I’ve taken breaks from her in the past, but I also have a trans daughter who wants a relationship with her grandmother. I’ve talked to some trans leaders in my community that have helped me think of ways to interact with her in ways that don’t do damage, but there’s no question it’s tiresome. (Part of the reason I can probably do it in my situation is because my wife and kids support me, my work supports me, my church supports me, and I’m in therapy. That gives me more emotional latitude for dealing with my mother—at least for now. We’ll see what that looks like in the future. I’ve blocked her for other shit in the past and don’t have a problem doing it again if needed, so that also gives her less leverage on me.)
…
Agreed. It’s an interesting space to hope she changes without being damaged if she never does, because I’ve got to be authentic. Her desire for me to return to hiding is something I cannot and will not ever do again. (That’s part of why my journey from egg break to full out transition was so meteorically fast, as it wasn’t years, but just 4 months. Once I realized that I had been deceiving myself, I could not keep doing so without deceiving others—and that was something my soul could not abide!)
…
Ironically, after this exhausting exchange, a local trans leader who leads my trans support group here pointed out that, if we parent our siblings or parents, we end up exhausted. The method she used was to allow exposure to do its work over time and, strategically, every few months, show how much their callousness hurts you by asking, “you know it hurts my feelings when you misgender me and call me the wrong name. Why are you trying to hurt me?” Then just sit in the discomfort for a few minutes.

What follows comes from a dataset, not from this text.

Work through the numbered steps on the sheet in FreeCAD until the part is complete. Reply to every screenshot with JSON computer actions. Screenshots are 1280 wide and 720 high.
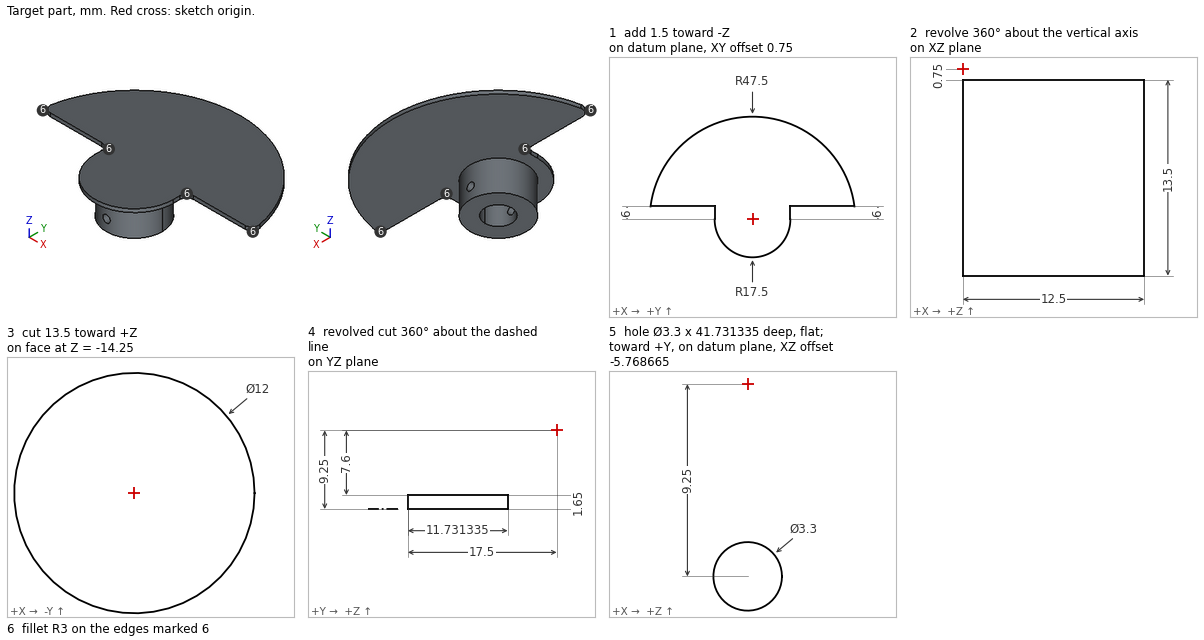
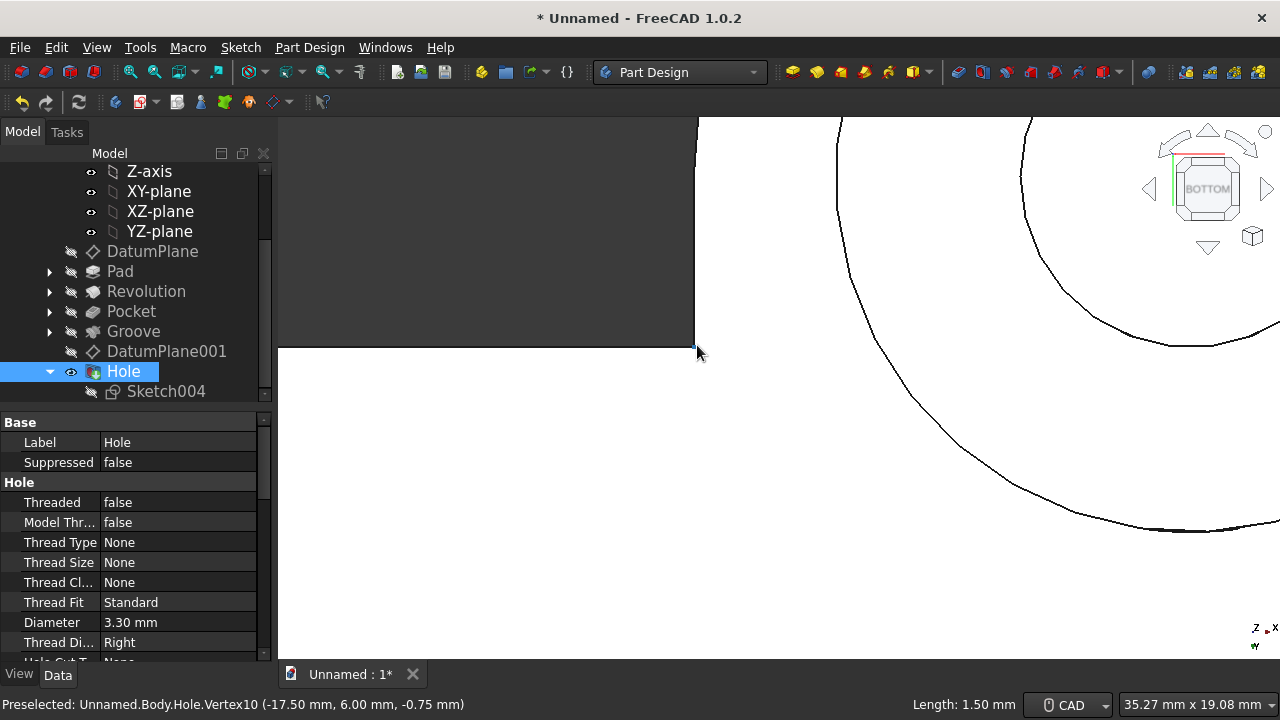
{"action": "key", "text": "v f"}

The point she brought up is that everyone knows how to react to anger—but very few people can tune out actual hurt in someone they claim to love. It’s more vulnerable for us, but it cuts deeper than any angry outburst can.
….
My mother’s a narc too!
…
Yeah. I don’t know if I quite had the ability to realize that when I was younger but, as an adult, that seems far preferable—especially since she and my kid sister are trauma-bonded in a super unhealthy codependent way, which means my sister’s a “flying monkey” a lot of the time. (Originating from the movie version of The Wizard of Oz, “Flying Monkeys” are minions of narcissists. There’s actually a sub called “raisedbynarcisists” which covers a lot of these terms and can be a great place for support. My wife clued me in because, although my mom is a more passive narc, her mom’s an aggressive one!)
…
I can say that, in my life, my mother is really conservative and is not affirming at all. (My father died when I was 18, so he’s not in the picture.) However, she didn’t disown me (even though I thought she would) and, now, she’s having to be exposed to me in girl mode every time I see her.
Sometimes we’re so sure that our parents will disown us that it rules us; when, as far as I can tell, most parents of adults don’t actually disown them for transitioning and, so long as they don’t refuse to see you, over time, there is good evidence for them coming around! (Because my mom is very religious, and I’m of the same faith, I also felt it helpful to just realize that, in heaven, a good God is going to put me in a feminine-aligned body—so my parents are going to have to get used to it there. If that’s going to be the case, anyway, then there’s no advantage in waiting until she’s dead to transition. Might as well do it now and give her more time to grow used to it!)
…
I Feel that so hard! (My mom always wanted a girl, but I was AMAB, so she adopted my sister who was the golden child—but is now enmeshed. To complicate things, Megan was the name my mom chose if I’d been born a girl—so my re-claiming of it has additional emotional weight!)
…
Occasionally, I think I see my sister realizing that she’s a lot more able to take her rightful place in our patriarchal family if the elder male is no longer male. But then she talks to my mom and gets confused all over again! (Sometimes it feels like the Christopher Nolan film, Memento!)